Wrestling with God on the trail and in life



I thought I was under a lot of pressure to say something wise before going on sabbatical, but now I’m supposed to have found myself or something. Talk about pressure!
            It’s good to be back. Honestly, I can say that. It was also good to be gone. Those things are not mutually exclusive. One of the things I found to be very true over the course of a month walking the Superior Hiking Trail was the futility of grand declarations and defining experiences before you have them. There are lots of people hiking that trail for lots of different reasons. Some people are out there to make some definitive change in their lives. Something isn’t right back home and the trail offers a kind of proving ground to test a new way of living. But that wasn’t me.

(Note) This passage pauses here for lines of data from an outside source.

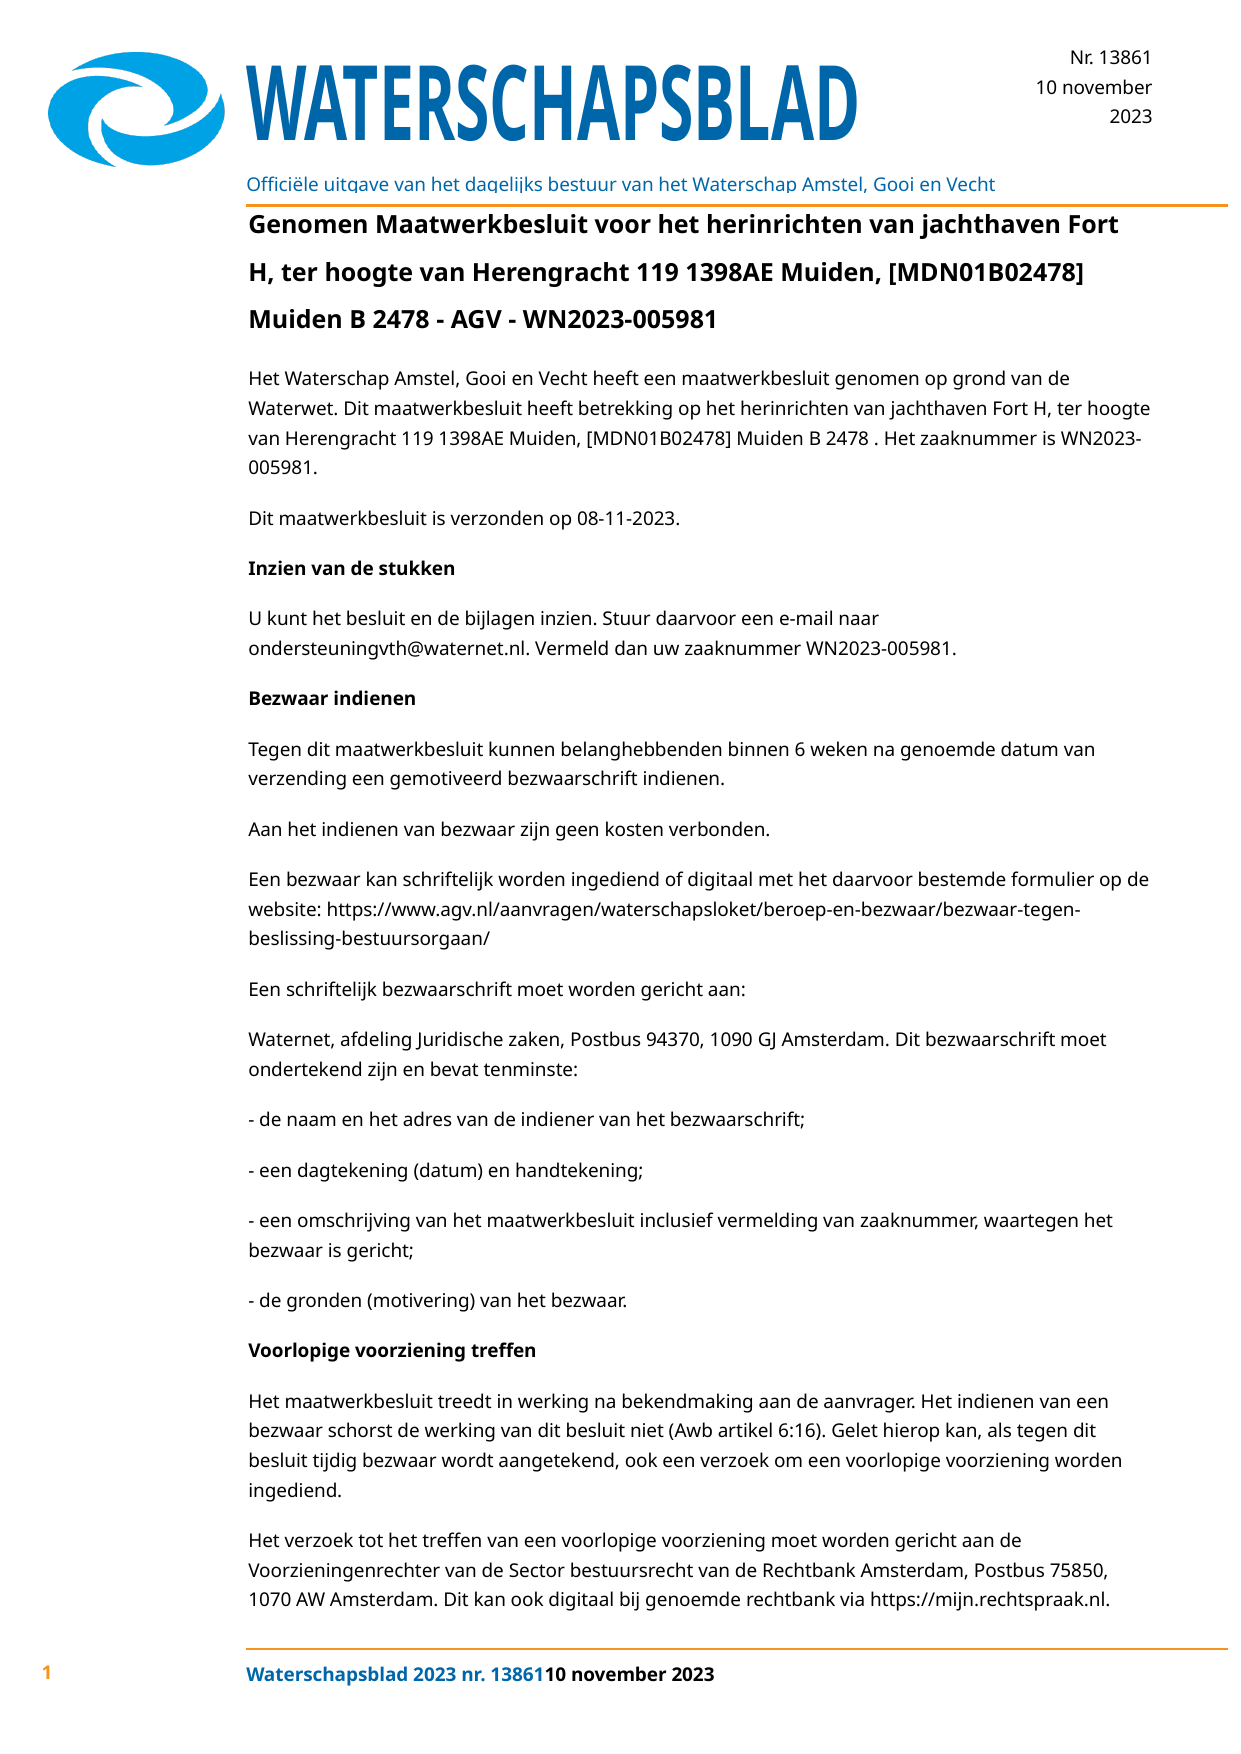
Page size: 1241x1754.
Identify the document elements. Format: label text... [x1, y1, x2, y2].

text Het verzoek tot het treffen van een voorlopige voorziening moet worden gericht aan de Voorzieningenrechter van de Sector bestuursrecht van de Rechtbank Amsterdam, Postbus 75850, 1070 AW Amsterdam. Dit kan ook digitaal bij genoemde rechtbank via https://mijn.rechtspraak.nl. [248, 1527, 1152, 1612]
text - de gronden (motivering) van het bezwaar. [248, 1287, 1152, 1313]
text Inzien van de stukken [248, 555, 1152, 581]
text Aan het indienen van bezwaar zijn geen kosten verbonden. [248, 816, 1152, 842]
text Voorlopige voorziening treffen [248, 1338, 1152, 1363]
text - de naam en het adres van de indiener van het bezwaarschrift; [248, 1106, 1152, 1132]
text Tegen dit maatwerkbesluit kunnen belanghebbenden binnen 6 weken na genoemde datum van verzending een gemotiveerd bezwaarschrift indienen. [248, 736, 1152, 791]
text - een dagtekening (datum) en handtekening; [248, 1157, 1152, 1182]
text Waternet, afdeling Juridische zaken, Postbus 94370, 1090 GJ Amsterdam. Dit bezwaarschrift moet ondertekend zijn en bevat tenminste: [248, 1026, 1152, 1082]
text U kunt het besluit en de bijlagen inzien. Stuur daarvoor een e-mail naar ondersteuningvth@waternet.nl. Vermeld dan uw zaaknummer WN2023-005981. [248, 606, 1152, 661]
text Dit maatwerkbesluit is verzonden op 08-11-2023. [248, 505, 1152, 530]
text Het Waterschap Amstel, Gooi en Vecht heeft een maatwerkbesluit genomen op grond van de Waterwet. Dit maatwerkbesluit heeft betrekking op het herinrichten van jachthaven Fort H, ter hoogte van Herengracht 119 1398AE Muiden, [MDN01B02478] Muiden B 2478 . Het zaaknummer is WN2023-005981. [248, 366, 1152, 480]
text - een omschrijving van het maatwerkbesluit inclusief vermelding van zaaknummer, waartegen het bezwaar is gericht; [248, 1207, 1152, 1262]
text Een bezwaar kan schriftelijk worden ingediend of digitaal met het daarvoor bestemde formulier op de website: https://www.agv.nl/aanvragen/waterschapsloket/beroep-en-bezwaar/bezwaar-tegen-beslissing-bestuursorgaan/ [248, 866, 1152, 951]
text Genomen Maatwerkbesluit voor het herinrichten van jachthaven Fort H, ter hoogte van Herengracht 119 1398AE Muiden, [MDN01B02478] Muiden B 2478 - AGV - WN2023-005981 [248, 207, 1152, 336]
text Een schriftelijk bezwaarschrift moet worden gericht aan: [248, 976, 1152, 1002]
text Het maatwerkbesluit treedt in werking na bekendmaking aan de aanvrager. Het indienen van een bezwaar schorst de werking van dit besluit niet (Awb artikel 6:16). Gelet hierop kan, als tegen dit besluit tijdig bezwaar wordt aangetekend, ook een verzoek om een voorlopige voorziening worden ingediend. [248, 1388, 1152, 1502]
text Bezwaar indienen [248, 686, 1152, 711]
picture [41, 47, 231, 172]
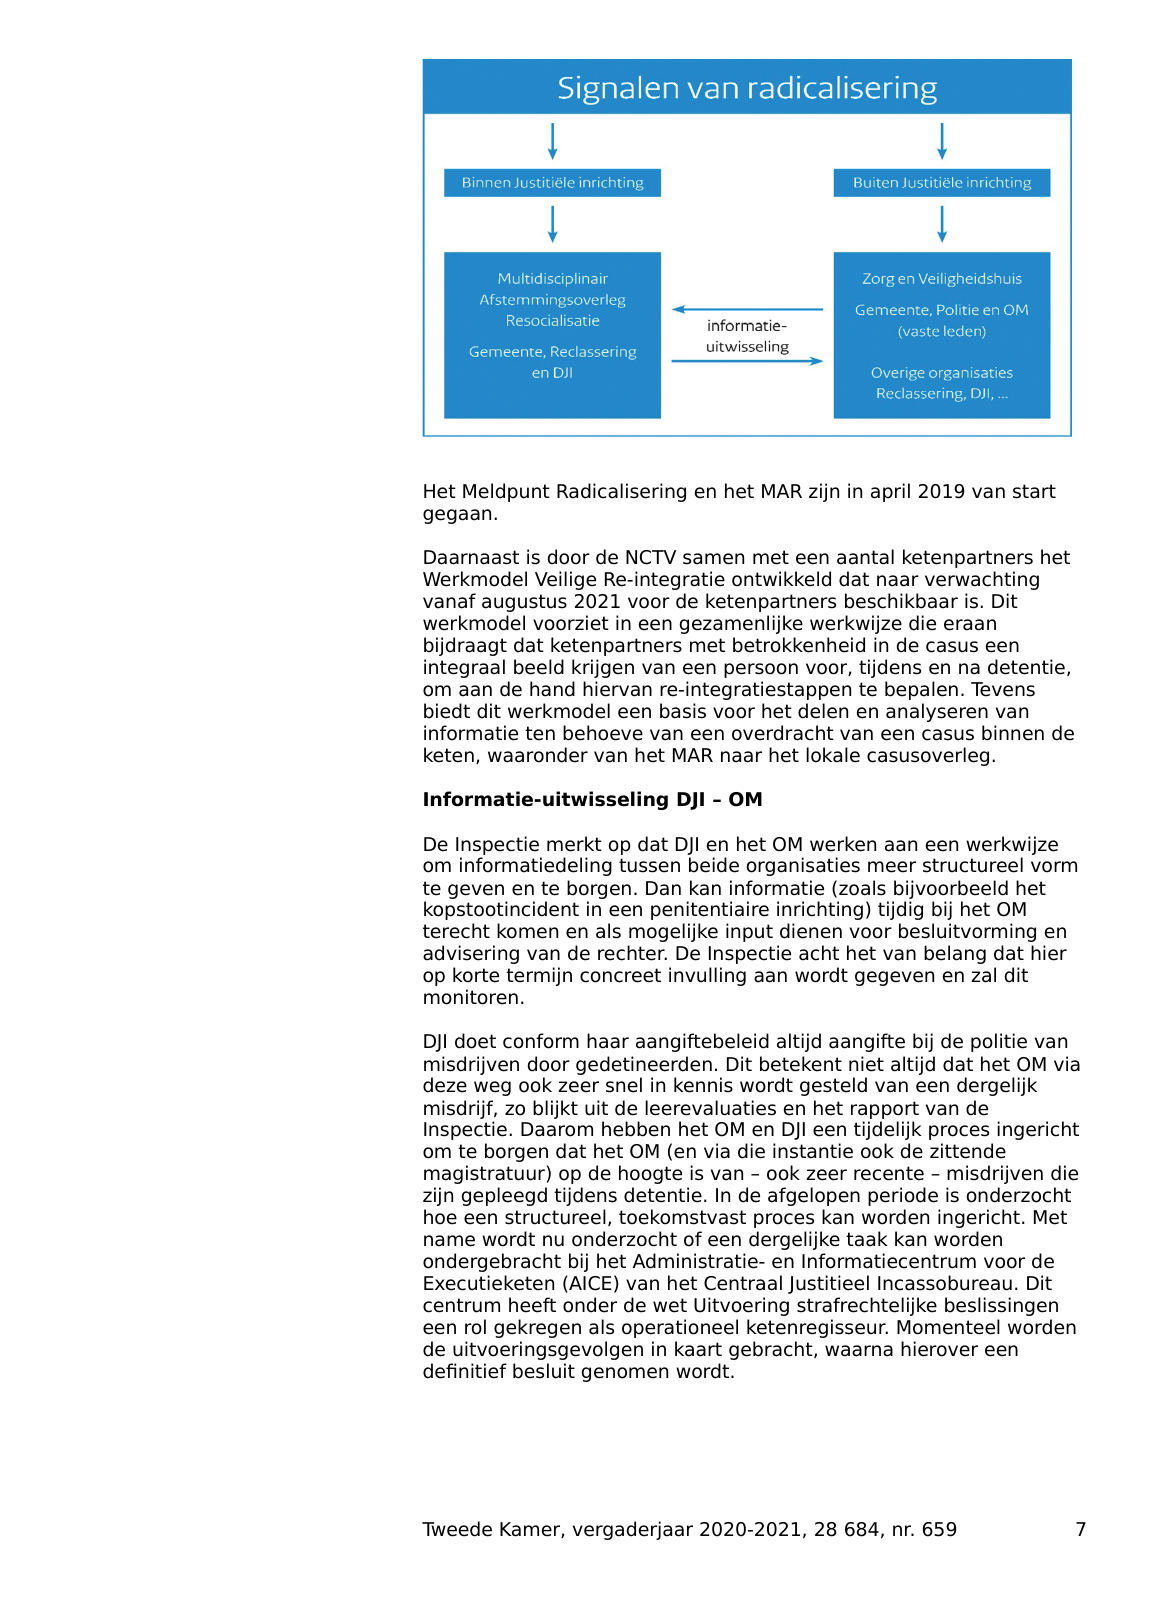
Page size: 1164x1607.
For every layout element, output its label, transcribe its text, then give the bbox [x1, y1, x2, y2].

picture [422, 59, 1072, 437]
text Daarnaast is door de NCTV samen met een aantal ketenpartners het Werkmodel Veilige Re-integratie ontwikkeld dat naar verwachting vanaf augustus 2021 voor de ketenpartners beschikbaar is. Dit werkmodel voorziet in een gezamenlijke werkwijze die eraan bijdraagt dat ketenpartners met betrokkenheid in de casus een integraal beeld krijgen van een persoon voor, tijdens en na detentie, om aan de hand hiervan re-integratiestappen te bepalen. Tevens biedt dit werkmodel een basis voor het delen en analyseren van informatie ten behoeve van een overdracht van een casus binnen de keten, waaronder van het MAR naar het lokale casusoverleg. [422, 547, 1087, 767]
subtitle Informatie-uitwisseling DJI – OM [422, 789, 1087, 811]
text De Inspectie merkt op dat DJI en het OM werken aan een werkwijze om informatiedeling tussen beide organisaties meer structureel vorm te geven en te borgen. Dan kan informatie (zoals bijvoorbeeld het kopstootincident in een penitentiaire inrichting) tijdig bij het OM terecht komen en als mogelijke input dienen voor besluitvorming en advisering van de rechter. De Inspectie acht het van belang dat hier op korte termijn concreet invulling aan wordt gegeven en zal dit monitoren. [422, 833, 1087, 1009]
text DJI doet conform haar aangiftebeleid altijd aangifte bij de politie van misdrijven door gedetineerden. Dit betekent niet altijd dat het OM via deze weg ook zeer snel in kennis wordt gesteld van een dergelijk misdrijf, zo blijkt uit de leerevaluaties en het rapport van de Inspectie. Daarom hebben het OM en DJI een tijdelijk proces ingericht om te borgen dat het OM (en via die instantie ook de zittende magistratuur) op de hoogte is van – ook zeer recente – misdrijven die zijn gepleegd tijdens detentie. In de afgelopen periode is onderzocht hoe een structureel, toekomstvast proces kan worden ingericht. Met name wordt nu onderzocht of een dergelijke taak kan worden ondergebracht bij het Administratie- en Informatiecentrum voor de Executieketen (AICE) van het Centraal Justitieel Incassobureau. Dit centrum heeft onder de wet Uitvoering strafrechtelijke beslissingen een rol gekregen als operationeel ketenregisseur. Momenteel worden de uitvoeringsgevolgen in kaart gebracht, waarna hierover een definitief besluit genomen wordt. [422, 1031, 1087, 1383]
text Het Meldpunt Radicalisering en het MAR zijn in april 2019 van start gegaan. [422, 481, 1087, 525]

            For others, they were out in the wilderness to find themselves. If you’ve ever read the book Wild or the seen the movie with Reese Witherspoon that’s the kind of mentality I’m talking about—people walking a trail because they don’t know who they are and something about it calls out to them. This is closer to an act of pilgrimage. You strip away the daily rigor of life and replace it with a different, simpler rigor and you may discover something about yourself you’ve never realized before, but again, that wasn’t why I was out there.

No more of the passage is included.